- Directed by: Minkyu Lee
- Written by: Minkyu Lee
- Distributed by: ShortsHD
- Release date: 2011;
- Running time: 16 minutes
- Country: United States

= Adam and Dog =

Adam and Dog is a 2011 American animated short film by Minkyu Lee. The film was nominated for Best Animated Short Film for the 85th Academy Awards and won Best Animated Short Subject at the 39th Annie Awards.

After being nominated for an Academy Award, the film was released along with all the other 15 Oscar-nominated short films in theaters by ShortsHD.

== Plot ==
The film is a retelling of Adam and Eve's story (as found in the first three chapters of the Book of Genesis) from Dog's point of view. Dog is shown in the Garden of Eden, exploring its environment and encountering various animals. Its doggy nature is revealed in various scenes from territory marking to barking at a passing mastodon to attempting to befriend a lemur. One day in the savanna, it encounters the newly created Adam who is also exploring Eden. Adam feeds Dog some grains, pets it and moves on. The next day, Adam is high up on a tree, interacting with a bird, when Dog sees him again. Adam tosses down a fruit to Dog and climbs down.

He is surprised that Dog is fascinated by the branch (now stripped of fruit) he is holding. When he throws the branch away, Dog fetches it back. Dog is excited when Adam (who knows all animal languages) barks like it. They become friends and explore Eden together.
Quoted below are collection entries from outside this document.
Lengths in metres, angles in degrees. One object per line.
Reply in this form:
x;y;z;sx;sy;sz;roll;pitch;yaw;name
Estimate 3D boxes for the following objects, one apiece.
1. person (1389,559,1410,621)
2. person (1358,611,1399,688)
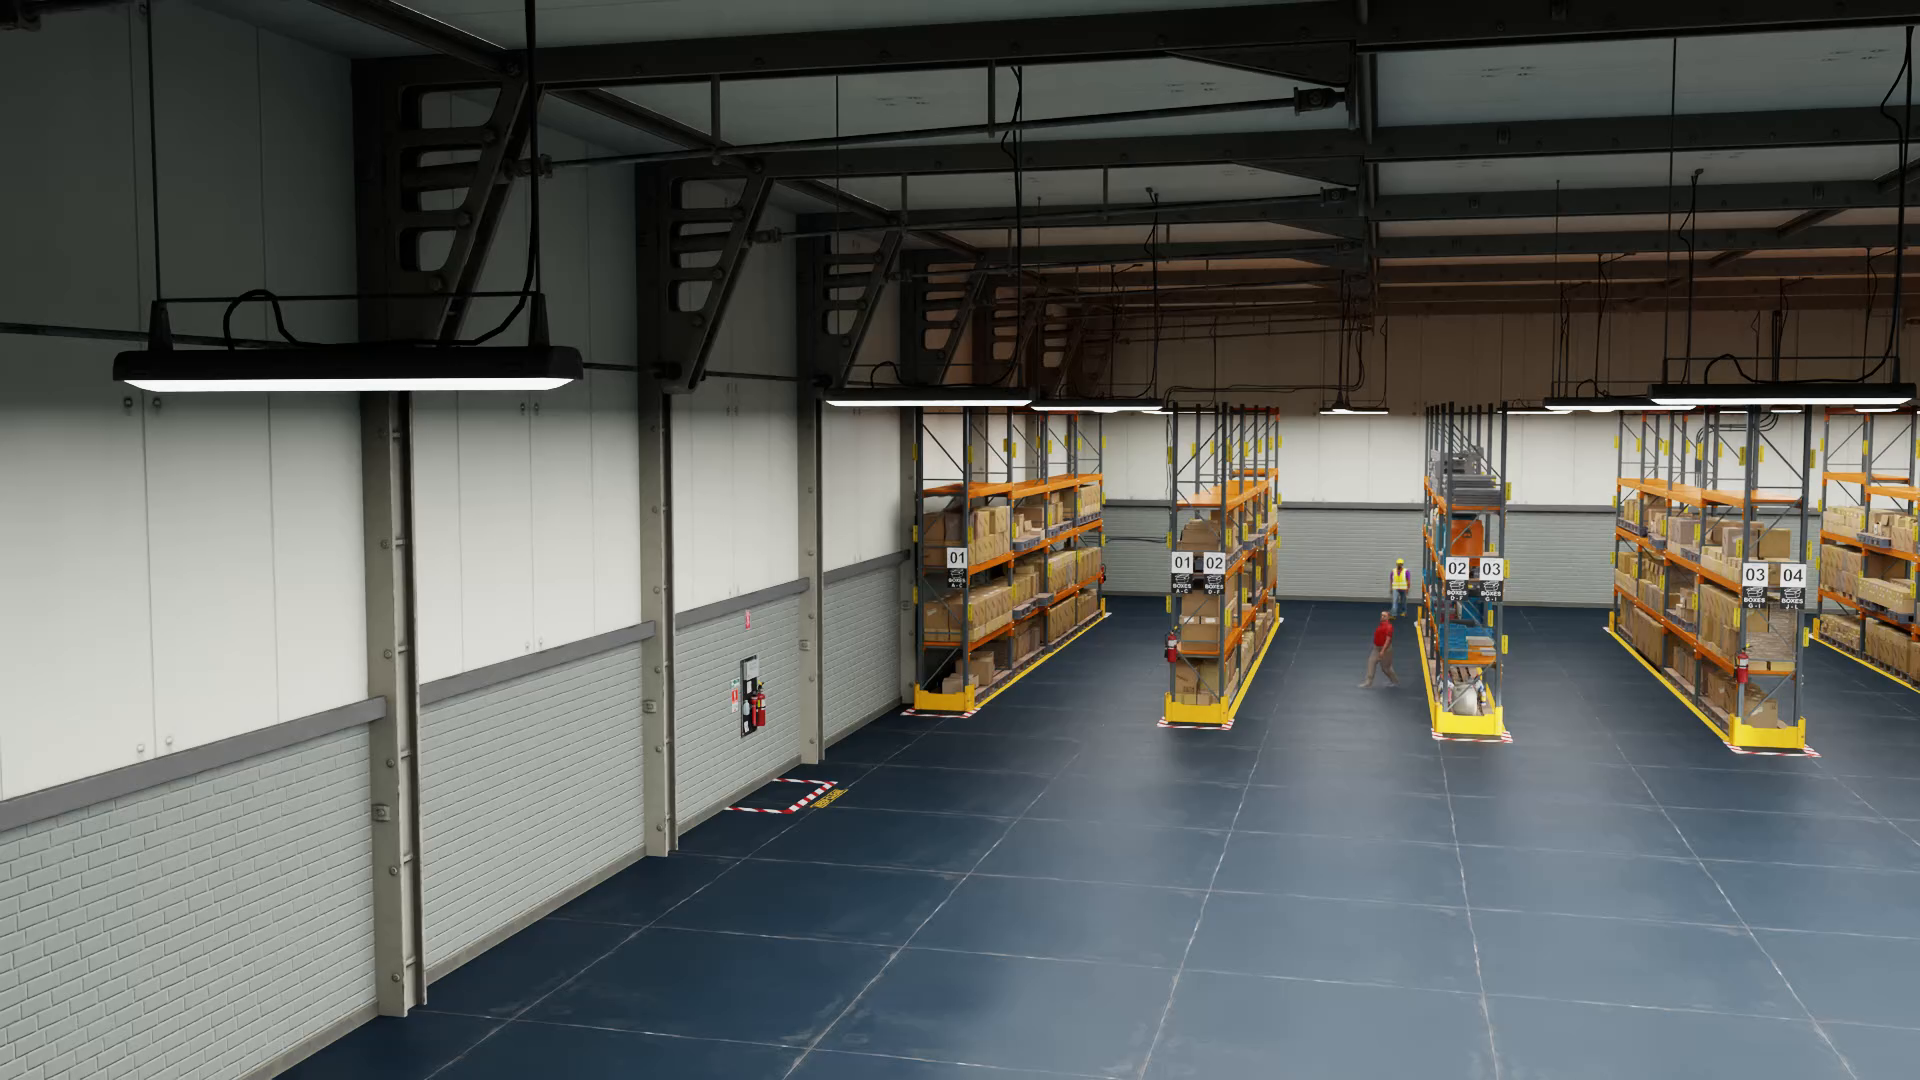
12.414;1.395;46.982;0.577;1.732;1.050;1;4;19;person
8.860;2.306;34.854;0.968;1.658;0.570;-2;5;-27;person
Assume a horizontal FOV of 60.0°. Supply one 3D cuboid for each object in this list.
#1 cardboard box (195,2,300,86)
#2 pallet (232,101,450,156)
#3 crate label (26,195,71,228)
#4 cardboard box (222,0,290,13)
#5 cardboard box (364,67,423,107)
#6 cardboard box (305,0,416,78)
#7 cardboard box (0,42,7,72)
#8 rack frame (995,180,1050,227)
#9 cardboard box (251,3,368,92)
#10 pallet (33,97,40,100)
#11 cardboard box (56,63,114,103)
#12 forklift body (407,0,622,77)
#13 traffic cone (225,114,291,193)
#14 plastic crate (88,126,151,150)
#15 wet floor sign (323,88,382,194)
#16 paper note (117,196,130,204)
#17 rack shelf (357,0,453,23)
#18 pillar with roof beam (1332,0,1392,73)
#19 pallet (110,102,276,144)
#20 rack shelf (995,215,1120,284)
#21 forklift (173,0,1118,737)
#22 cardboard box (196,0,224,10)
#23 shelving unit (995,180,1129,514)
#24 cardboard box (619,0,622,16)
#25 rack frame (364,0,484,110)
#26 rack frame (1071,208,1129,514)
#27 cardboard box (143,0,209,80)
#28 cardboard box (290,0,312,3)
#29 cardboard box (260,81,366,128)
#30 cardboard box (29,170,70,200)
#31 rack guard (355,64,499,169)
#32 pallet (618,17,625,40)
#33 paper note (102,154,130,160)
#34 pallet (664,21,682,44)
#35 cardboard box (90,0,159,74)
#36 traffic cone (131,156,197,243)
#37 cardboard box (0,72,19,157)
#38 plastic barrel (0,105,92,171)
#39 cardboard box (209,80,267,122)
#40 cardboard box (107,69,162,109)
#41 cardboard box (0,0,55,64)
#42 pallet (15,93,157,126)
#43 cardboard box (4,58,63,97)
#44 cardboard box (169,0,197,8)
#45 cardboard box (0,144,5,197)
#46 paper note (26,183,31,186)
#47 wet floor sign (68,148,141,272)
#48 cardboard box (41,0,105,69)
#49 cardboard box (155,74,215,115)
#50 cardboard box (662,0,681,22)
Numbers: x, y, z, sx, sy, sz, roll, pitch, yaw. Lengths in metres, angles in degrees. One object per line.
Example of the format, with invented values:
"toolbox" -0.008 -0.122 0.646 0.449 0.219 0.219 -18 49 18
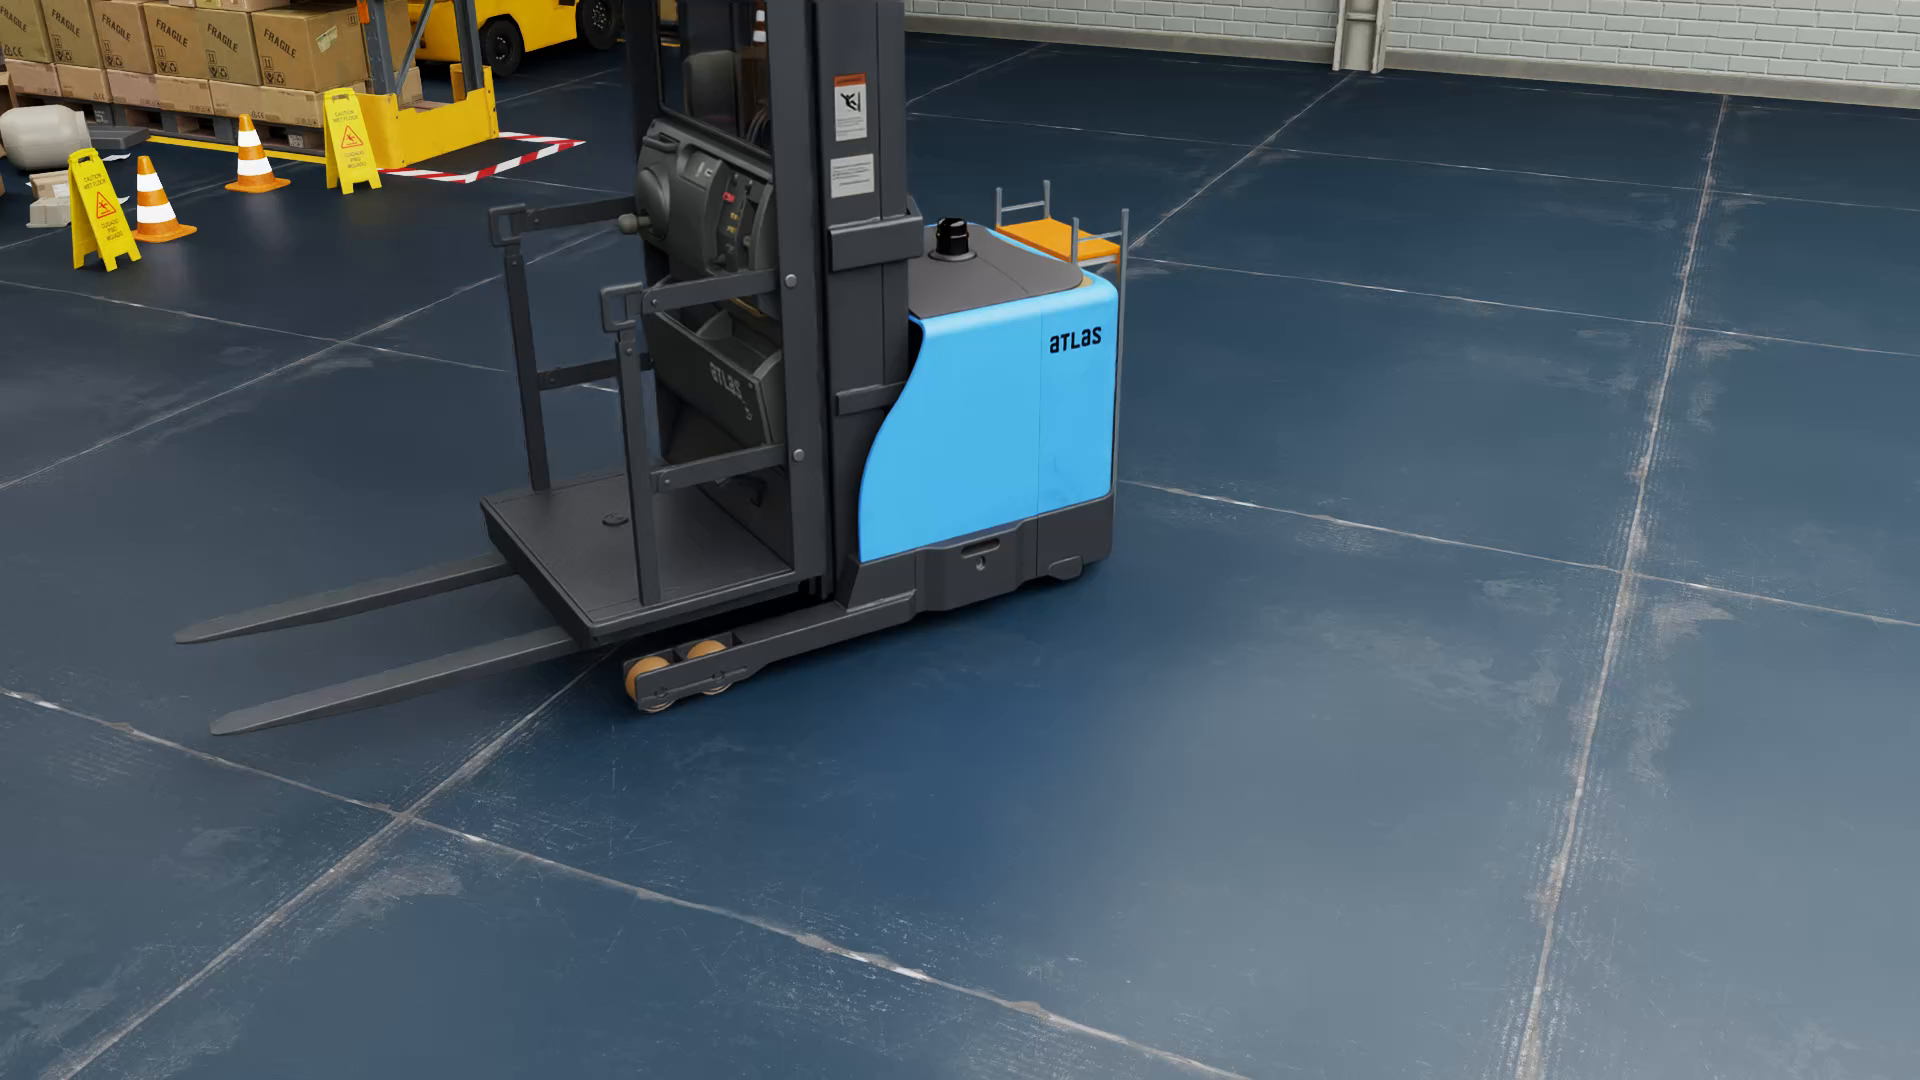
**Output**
"cardboard box" -5.038 -3.560 11.873 0.500 0.500 0.500 12 29 24
"pallet" -4.518 -3.059 12.223 1.213 0.211 1.003 11 28 22
"crate label" -5.541 -2.019 10.196 0.298 0.136 0.250 -2 26 -5
"cardboard box" -4.924 -3.797 11.620 0.250 0.149 0.380 12 29 23
"cardboard box" -4.344 -3.347 12.289 0.500 0.250 0.500 11 28 21
"cardboard box" -4.366 -3.687 12.131 0.500 0.500 0.500 10 28 20
"cardboard box" -7.844 -3.969 13.415 0.625 0.372 0.950 12 29 22
"rack frame" 0.235 -0.798 6.512 0.240 1.200 0.015 -16 30 -29
"cardboard box" -4.562 -3.466 11.682 0.500 0.500 0.500 12 28 22
"pallet" -8.075 -3.755 13.638 1.213 0.211 1.003 11 28 22
"cardboard box" -6.450 -3.510 12.620 0.500 0.250 0.500 13 29 25
"forklift body" -4.155 -5.362 14.706 1.214 2.155 2.313 11 28 22
"traffic cone" -4.650 -2.555 10.915 0.334 0.463 0.336 11 28 22
"plastic crate" -6.276 -2.938 12.126 0.583 0.080 0.402 2 26 4
"wet floor sign" -3.994 -2.612 10.824 0.232 0.644 0.267 23 35 39
"paper note" -5.409 -2.173 10.630 0.142 0.019 0.148 2 26 4
"rack shelf" -5.545 -4.176 12.150 4.000 0.370 1.077 11 28 22
"pillar with roof beam" 1.746 -6.483 9.229 0.400 9.000 9.100 11 28 22
"pallet" -5.625 -3.282 12.678 1.213 0.211 1.003 11 28 22
"rack shelf" 0.366 -1.059 6.153 0.258 0.148 0.480 -16 30 -29
"forklift" -0.975 -1.048 5.060 3.031 2.935 1.130 -15 30 -28
"cardboard box" -5.151 -3.844 11.716 0.250 0.149 0.380 12 29 23
"shelving unit" 0.366 -0.707 6.327 0.258 1.200 0.503 -16 30 -29
"cardboard box" -3.132 -5.233 16.121 0.500 0.250 0.500 12 29 22
"rack frame" -3.724 -4.133 11.249 0.127 3.000 1.000 11 28 22
"rack frame" 0.496 -0.616 6.142 0.240 1.200 0.015 -16 30 -29
"cardboard box" -5.495 -3.655 12.066 0.500 0.500 0.500 11 28 21
"cardboard box" -4.844 -3.781 12.322 0.500 0.500 0.500 10 28 20
"cardboard box" -4.593 -3.132 11.853 0.500 0.250 0.500 11 28 22
"cardboard box" -5.753 -2.281 10.715 0.380 0.149 0.250 -18 31 -31
"rack guard" -3.794 -3.025 11.829 0.348 0.500 1.175 11 28 22
"pallet" -3.493 -5.225 16.624 1.213 0.211 1.003 11 28 22
"paper note" -5.933 -2.694 11.687 0.148 0.019 0.142 2 26 4
"pallet" -2.387 -5.002 16.170 1.213 0.211 1.003 11 28 22
"cardboard box" -5.977 -3.751 12.260 0.500 0.500 0.500 13 29 24
"traffic cone" -4.800 -2.046 9.882 0.334 0.463 0.336 11 28 22
"cardboard box" -6.953 -3.001 11.777 0.500 0.500 0.500 -12 29 -23
"plastic barrel" -6.231 -2.746 11.348 0.512 0.421 0.421 -12 29 -23
"cardboard box" -5.040 -3.225 12.043 0.500 0.250 0.500 11 28 22
"cardboard box" -5.966 -3.414 12.425 0.500 0.250 0.500 11 28 21
"cardboard box" -6.940 -3.939 12.644 0.500 0.500 0.500 13 29 24
"pallet" -6.740 -3.505 13.130 1.213 0.211 1.003 11 28 22
"cardboard box" -6.940 -3.603 12.809 0.500 0.250 0.500 10 28 19
"cardboard box" -5.390 -3.893 11.816 0.250 0.149 0.380 13 29 24
"cardboard box" -6.371 -2.316 10.385 0.637 0.503 0.797 -7 27 -14
"paper note" -6.120 -2.384 11.070 0.142 0.019 0.148 23 35 39
"wet floor sign" -4.835 -1.859 9.295 0.232 0.644 0.267 6 27 13
"cardboard box" -6.448 -3.846 12.454 0.500 0.500 0.500 13 29 24
"cardboard box" -5.519 -3.319 12.232 0.500 0.250 0.500 10 28 20
"cardboard box" -2.680 -5.138 15.927 0.500 0.250 0.500 11 28 22
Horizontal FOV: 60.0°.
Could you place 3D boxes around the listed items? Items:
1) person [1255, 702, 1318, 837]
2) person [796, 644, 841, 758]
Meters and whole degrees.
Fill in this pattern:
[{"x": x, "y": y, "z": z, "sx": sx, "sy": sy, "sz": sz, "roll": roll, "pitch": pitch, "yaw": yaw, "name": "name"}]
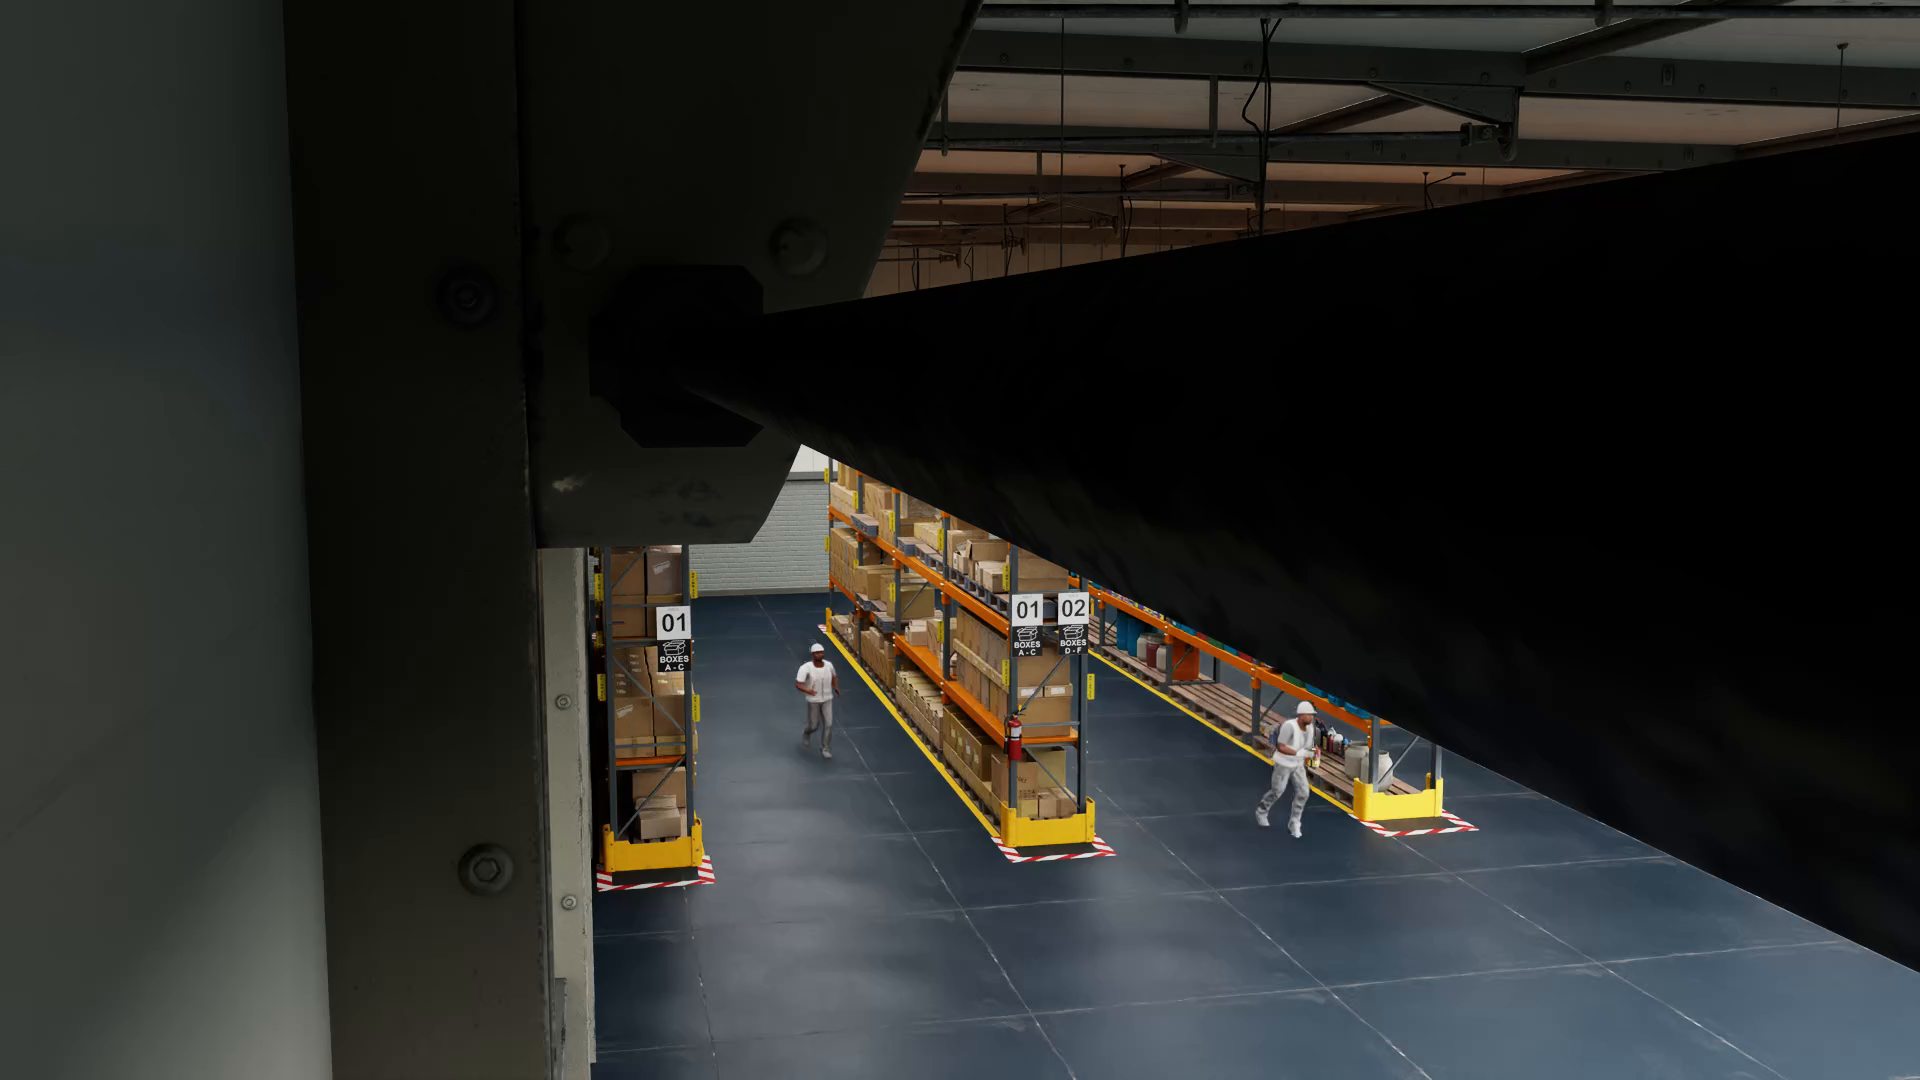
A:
[{"x": 4.286, "y": 2.956, "z": 21.537, "sx": 0.743, "sy": 1.821, "sz": 0.860, "roll": -5, "pitch": 8, "yaw": -37, "name": "person"}, {"x": -2.166, "y": 2.450, "z": 25.524, "sx": 0.714, "sy": 1.733, "sz": 0.791, "roll": -3, "pitch": 8, "yaw": -25, "name": "person"}]

One day, Dog sees Adam with a new creature, Eve with long red hair. Dog attempts to interest Adam in a game of fetch but Adam throws the stick extremely far away in order to get rid of Dog. When Dog returns with the stick, Adam and Eve are gone. Dog waits all day for him to return. At night, Dog (with stick) wanders Eden and sees a panther with a dead rabbit in its mouth. It starts to rain. Dog then sees Adam and Eve, wearing clothes, running through the forest. He chases after them, barking joyously but when Adam turns around, his face is so distorted and sinister, Dog runs away terrified.

Other animals also flee them. Adam and Eve stop and turn away from one another. They look ashamed, dejected and alone. The next day, Adam and Eve emerge from Eden and enter a bleak desert. They are clothed in rough animal fur. Dog sees them leave, takes a step out of Eden, pauses and then returns to Eden. It then dashes out with the stick in its mouth and runs towards them. In the last scene, Dog lays the stick at a surprised Adam's feet. Adam kneels down and pets Dog and tells Eve who Dog is. Eve kneels down in front of Dog and hugs and kisses it. Adam and Eve walk off together. They are holding hands and so close they seem like one person. Dog walks right by their side.